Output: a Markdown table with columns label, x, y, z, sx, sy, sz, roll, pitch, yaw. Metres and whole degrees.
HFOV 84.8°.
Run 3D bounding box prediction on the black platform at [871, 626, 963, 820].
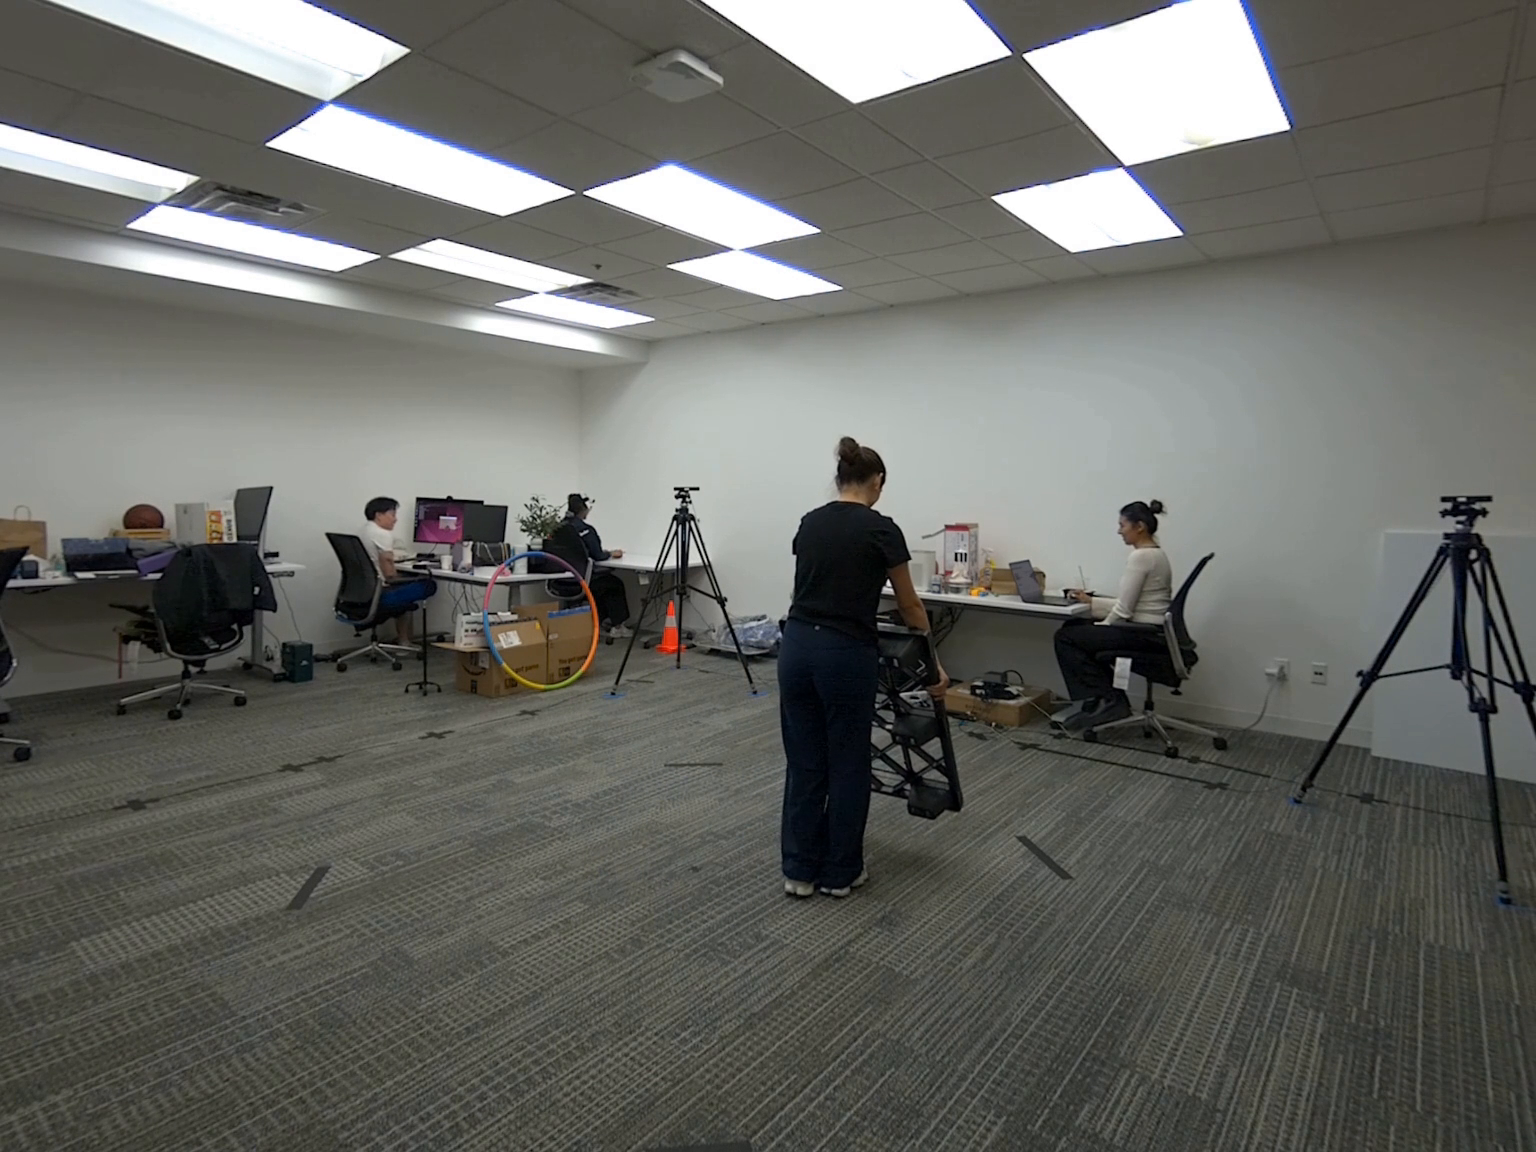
| label | x | y | z | sx | sy | sz | roll | pitch | yaw |
| --- | --- | --- | --- | --- | --- | --- | --- | --- | --- |
| black platform | 0.384 | 0.534 | 3.191 | 0.624 | 0.785 | 0.142 | 2 | 29 | 36 |
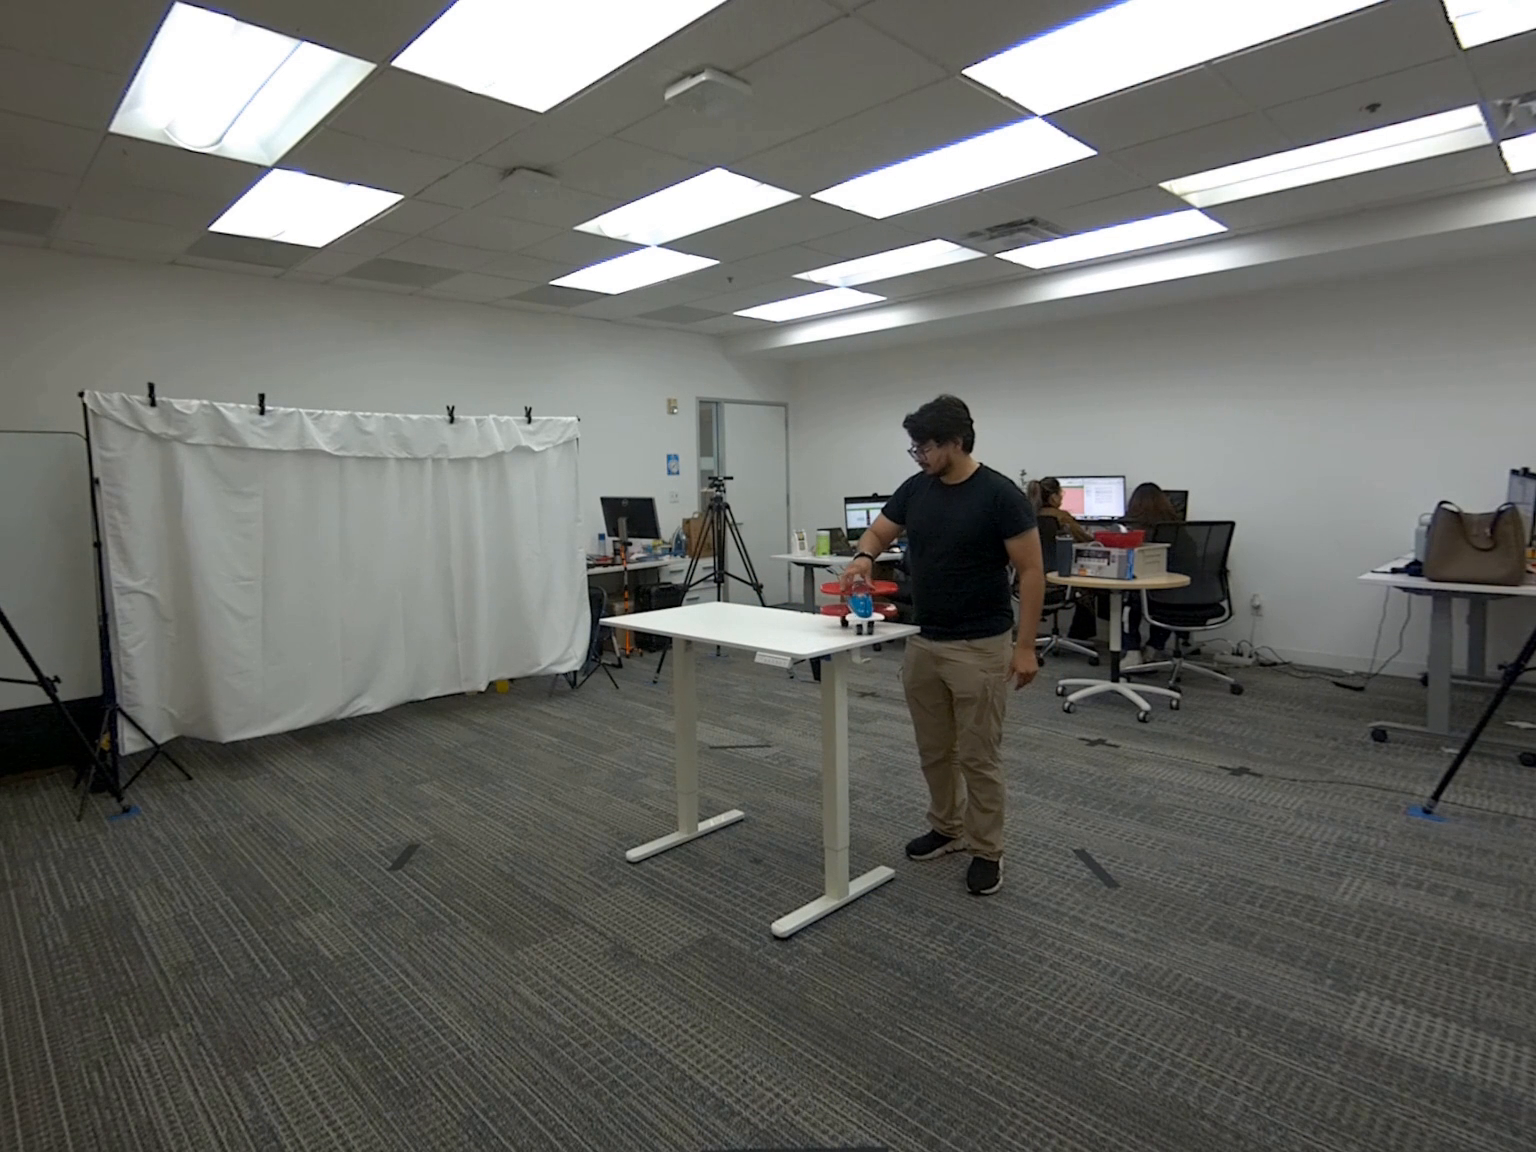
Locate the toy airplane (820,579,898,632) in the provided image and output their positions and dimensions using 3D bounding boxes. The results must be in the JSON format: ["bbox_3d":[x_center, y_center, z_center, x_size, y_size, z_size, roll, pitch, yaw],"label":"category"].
[{"bbox_3d":[0.334,0.101,2.807,0.245,0.156,0.266,-4,5,-28],"label":"toy airplane"}]
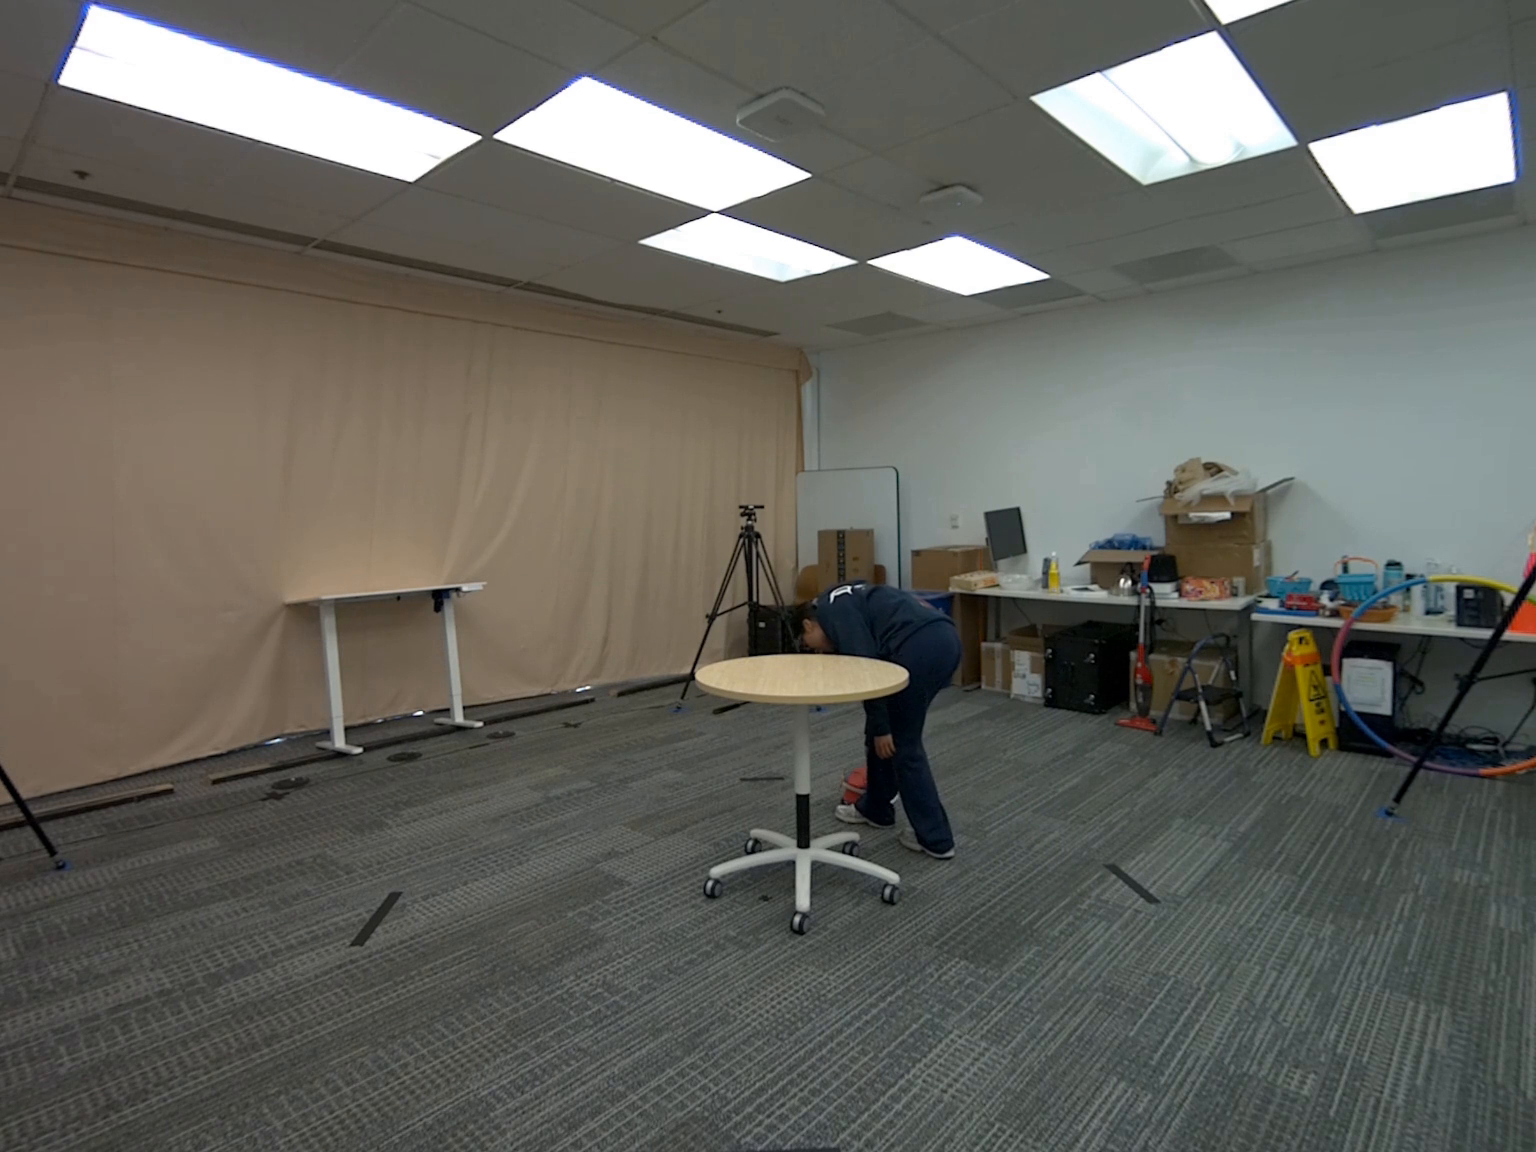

(To do)
From the line containing "Run 3D bounding" down to the last line of the data above, transcribe exactly those lines and no others; omit the pictures.

(Exercise solution)
Run 3D bounding box prediction on the black platform at [871, 626, 963, 820].
| label | x | y | z | sx | sy | sz | roll | pitch | yaw |
| --- | --- | --- | --- | --- | --- | --- | --- | --- | --- |
| black platform | 0.384 | 0.534 | 3.191 | 0.624 | 0.785 | 0.142 | 2 | 29 | 36 |
Locate the toy airplane (820,579,898,632) in the provided image and output their positions and dimensions using 3D bounding boxes. The results must be in the JSON format: ["bbox_3d":[x_center, y_center, z_center, x_size, y_size, z_size, roll, pitch, yaw],"label":"category"].
[{"bbox_3d":[0.334,0.101,2.807,0.245,0.156,0.266,-4,5,-28],"label":"toy airplane"}]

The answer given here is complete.